• **AIM OF THE EXERCISE**:
The lines wanted are those from the one containing "The image size is (953, 1232)." to the last line of the entries below; output them exactly, leaving out pictures.
□ □ □ □
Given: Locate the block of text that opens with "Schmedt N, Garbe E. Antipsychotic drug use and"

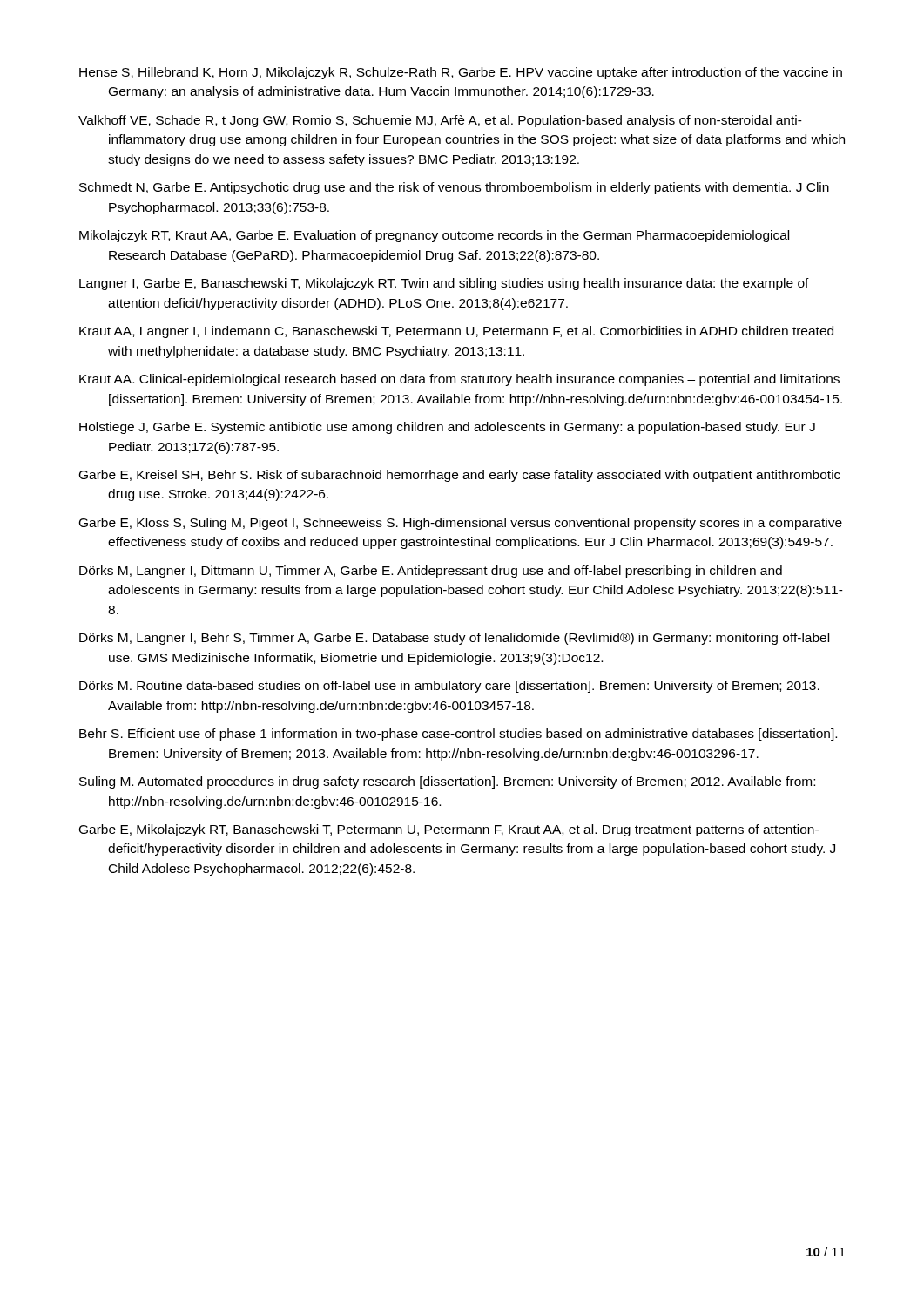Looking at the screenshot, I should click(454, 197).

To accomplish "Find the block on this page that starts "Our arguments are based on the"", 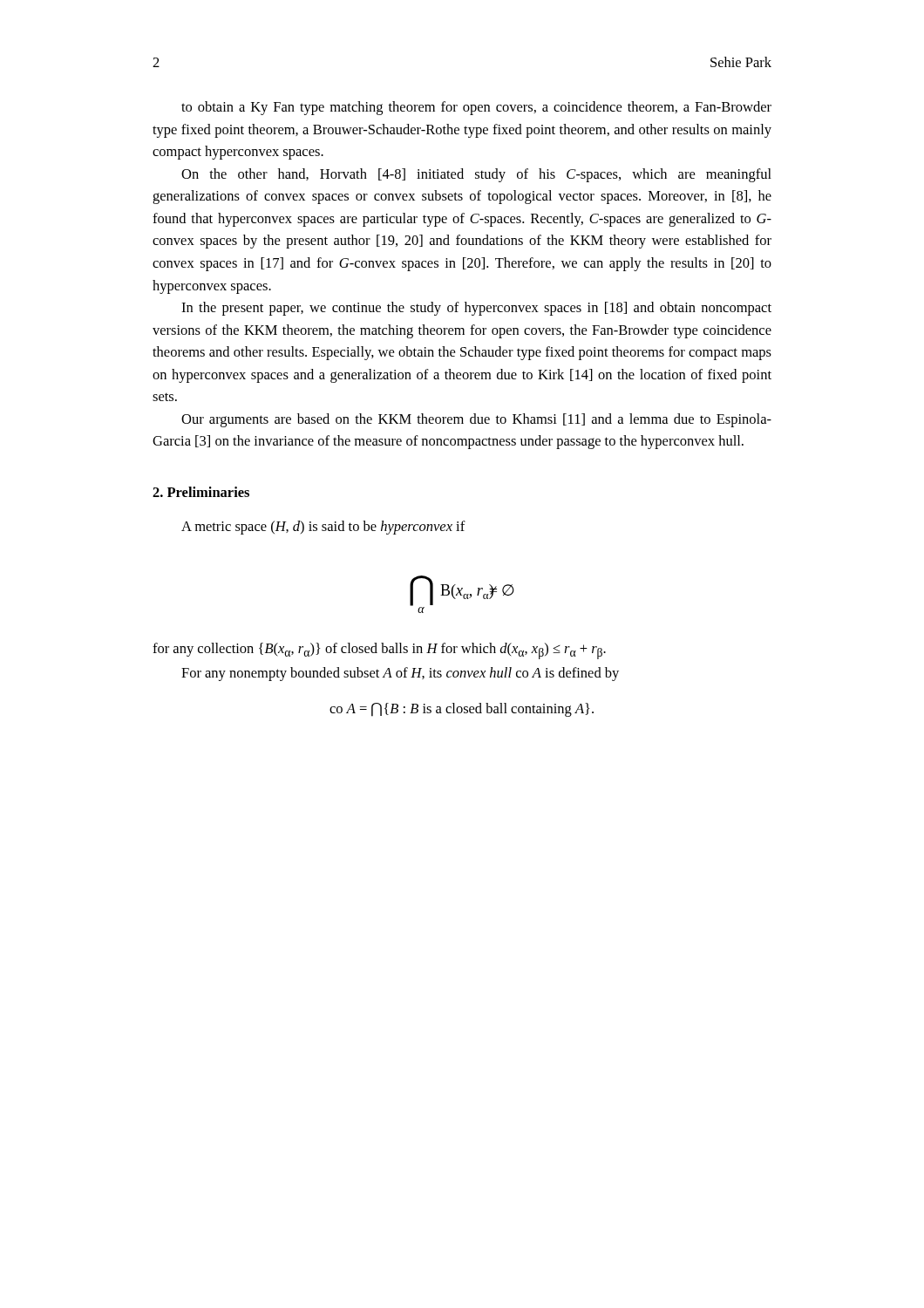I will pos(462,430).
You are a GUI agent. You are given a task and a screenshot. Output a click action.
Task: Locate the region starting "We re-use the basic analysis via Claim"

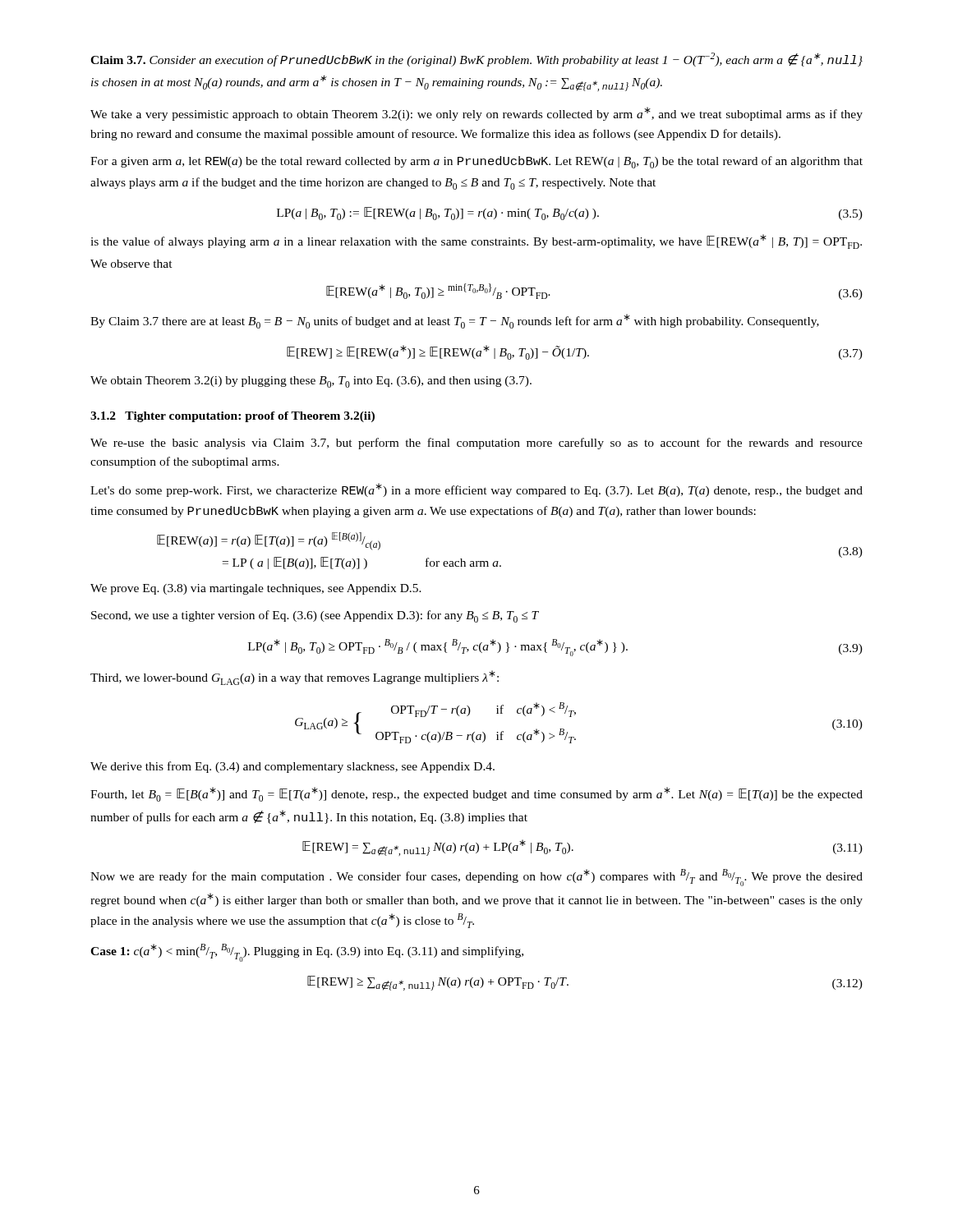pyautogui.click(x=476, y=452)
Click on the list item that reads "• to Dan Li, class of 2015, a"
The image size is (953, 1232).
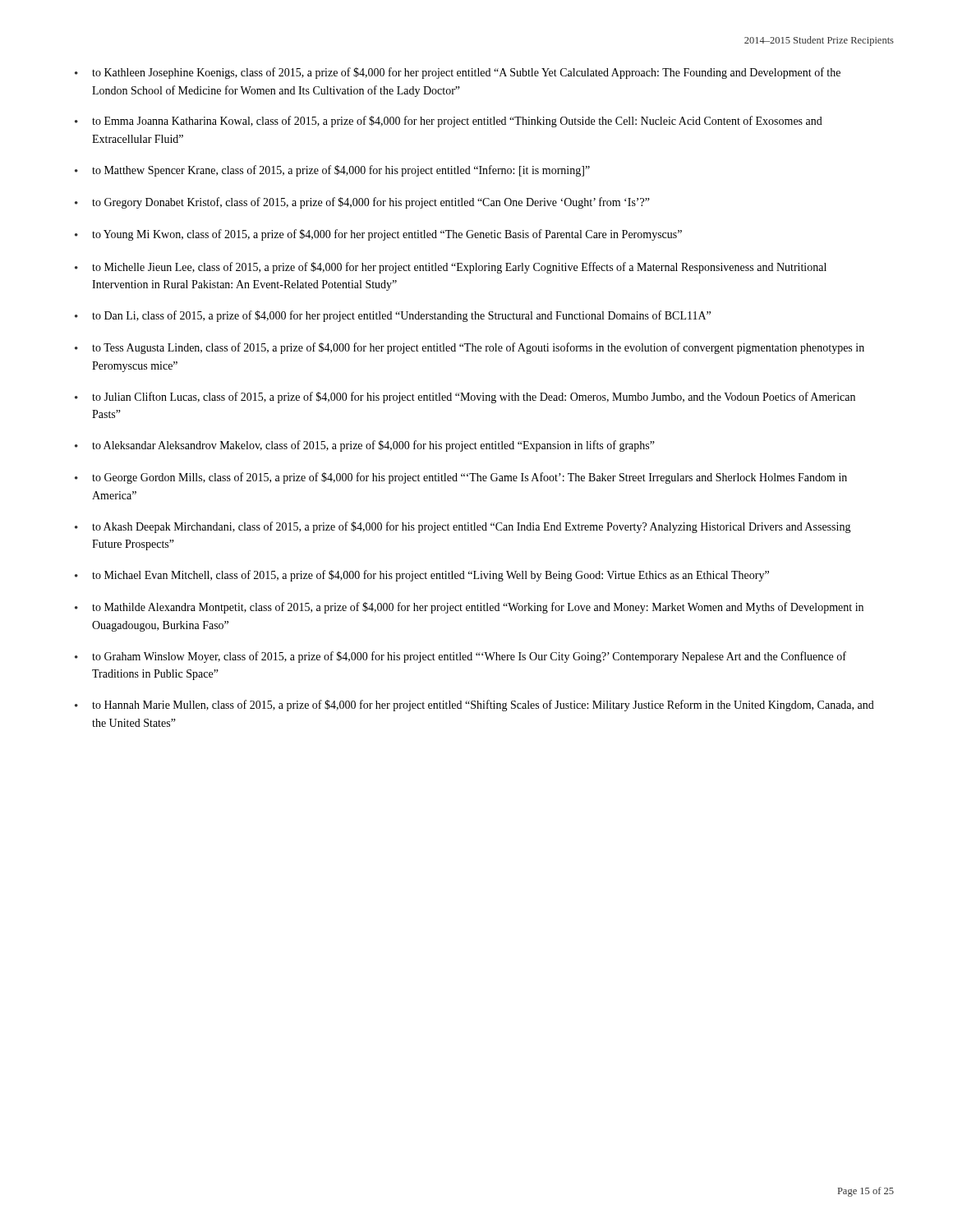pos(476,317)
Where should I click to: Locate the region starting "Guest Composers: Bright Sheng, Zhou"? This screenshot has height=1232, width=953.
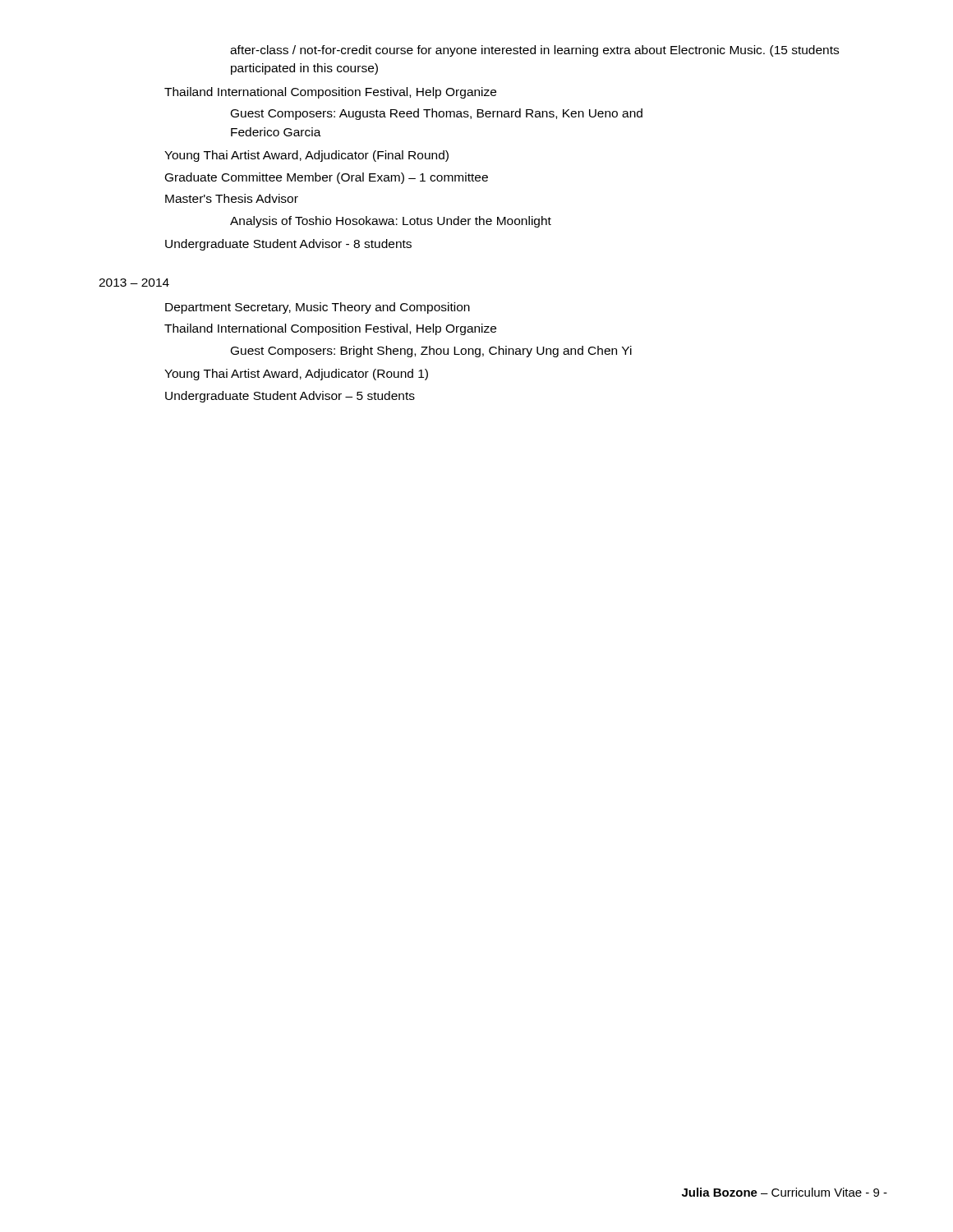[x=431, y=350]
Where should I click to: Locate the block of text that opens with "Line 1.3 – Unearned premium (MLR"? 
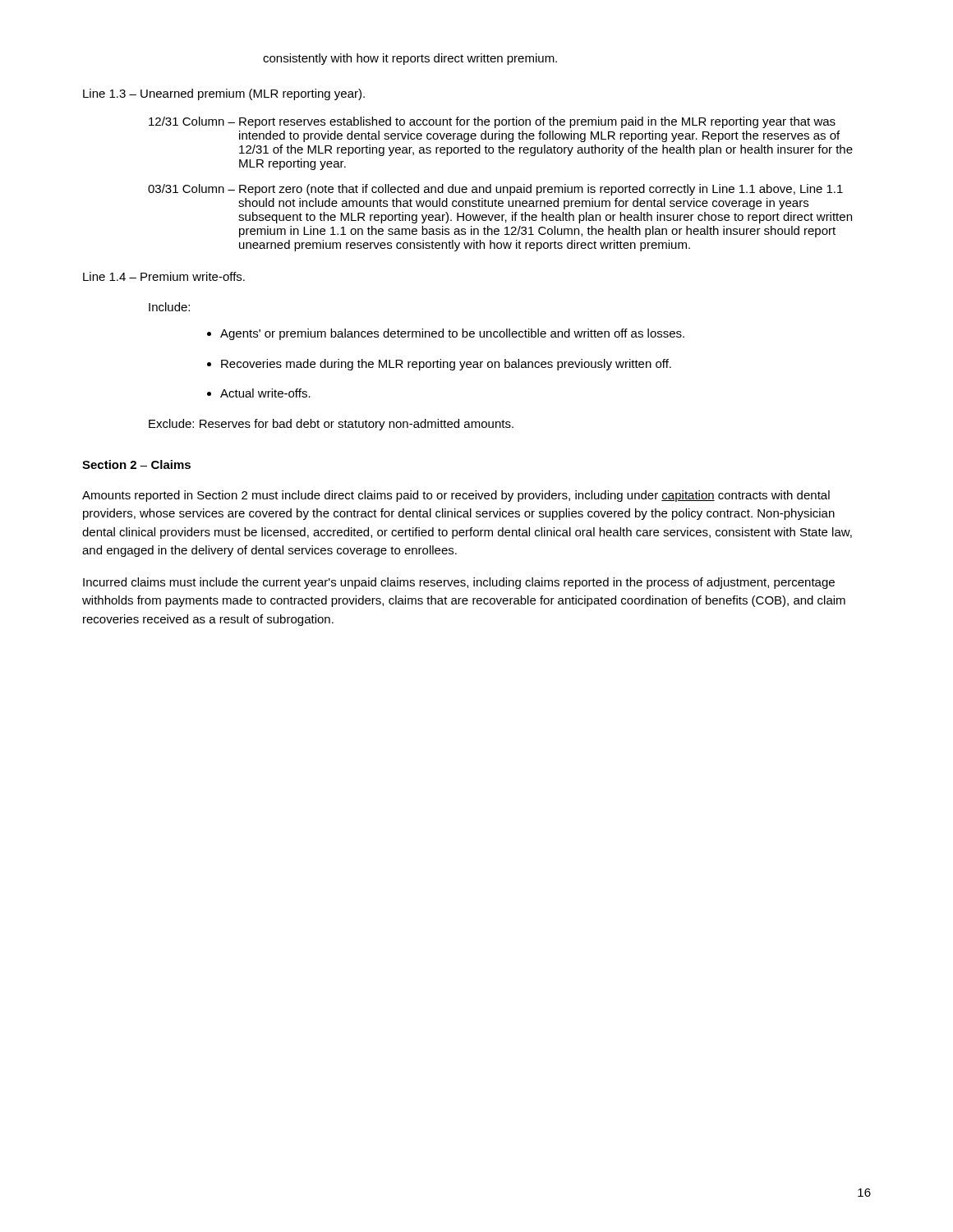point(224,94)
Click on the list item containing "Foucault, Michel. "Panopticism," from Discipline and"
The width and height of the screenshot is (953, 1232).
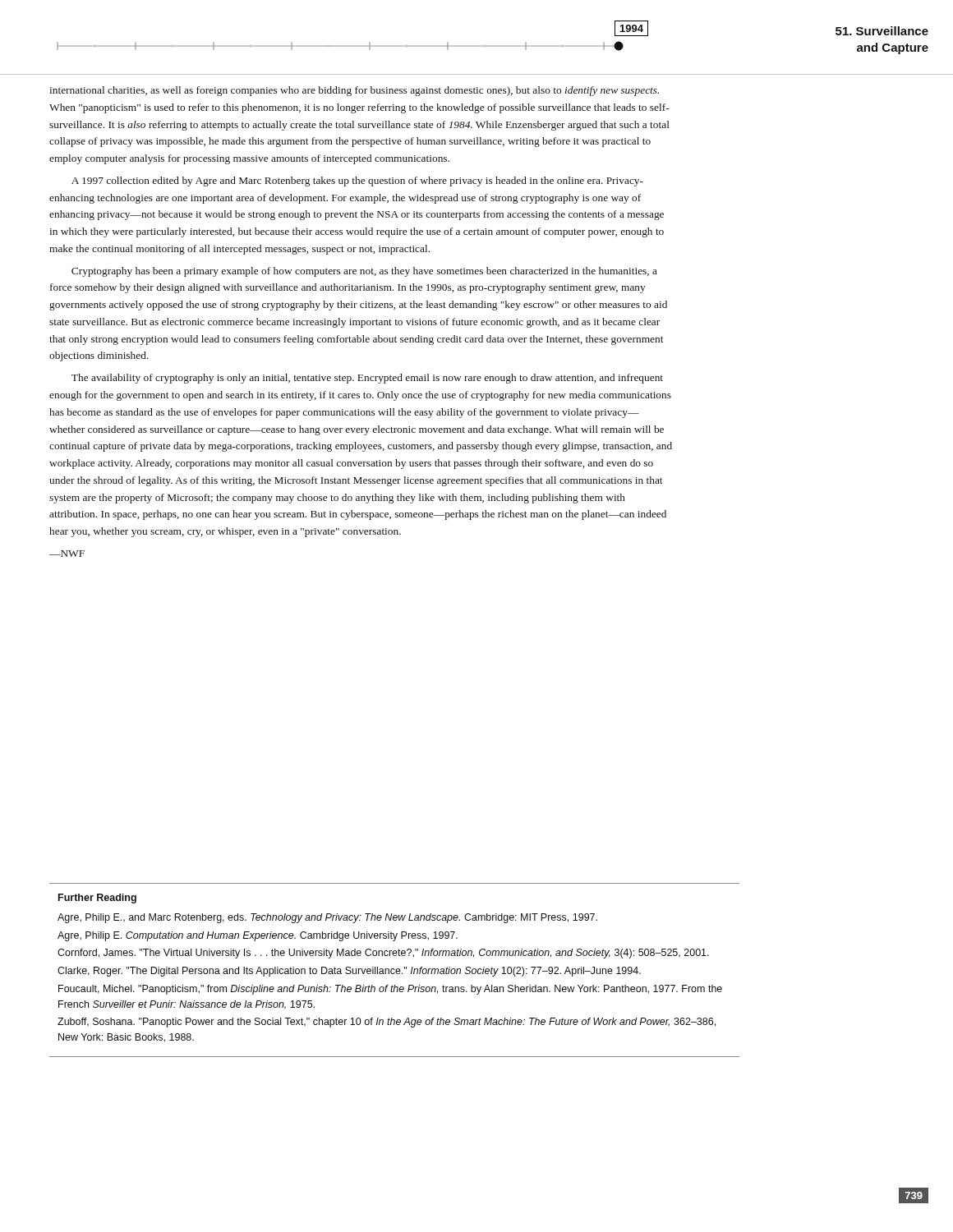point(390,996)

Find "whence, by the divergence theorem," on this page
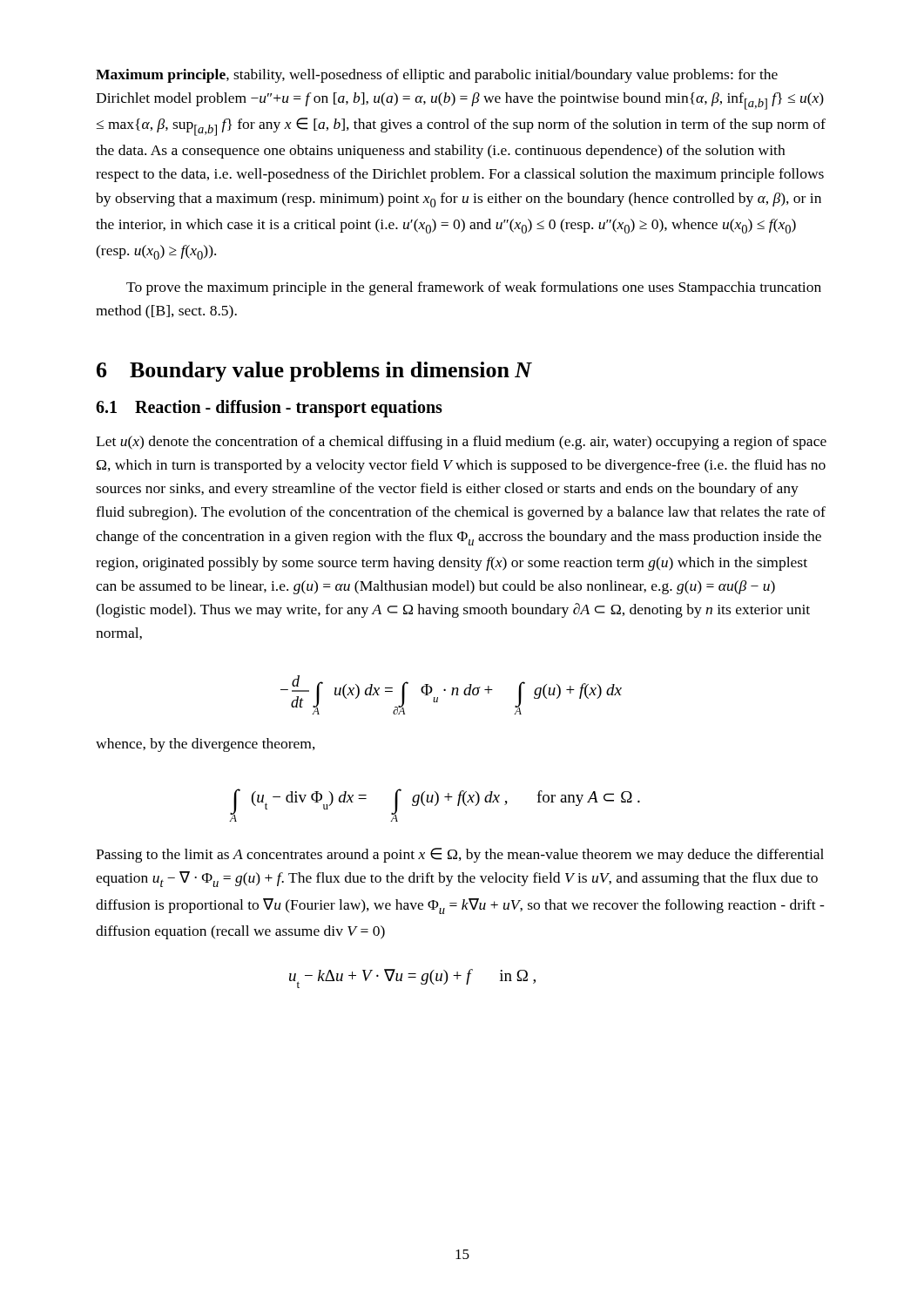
□ □ □ □
• **EXERCISE RESPONSE**:
The image size is (953, 1232).
pos(476,317)
Where should I click to: Locate the region starting "Guest Composers: Bright Sheng, Zhou"? This screenshot has height=1232, width=953.
[x=431, y=350]
Where should I click to: Locate the block of text that opens with "Line 1.3 – Unearned premium (MLR"? 
point(224,94)
Click on the list item containing "Foucault, Michel. "Panopticism," from Discipline and"
The width and height of the screenshot is (953, 1232).
point(390,996)

Find "whence, by the divergence theorem," on this page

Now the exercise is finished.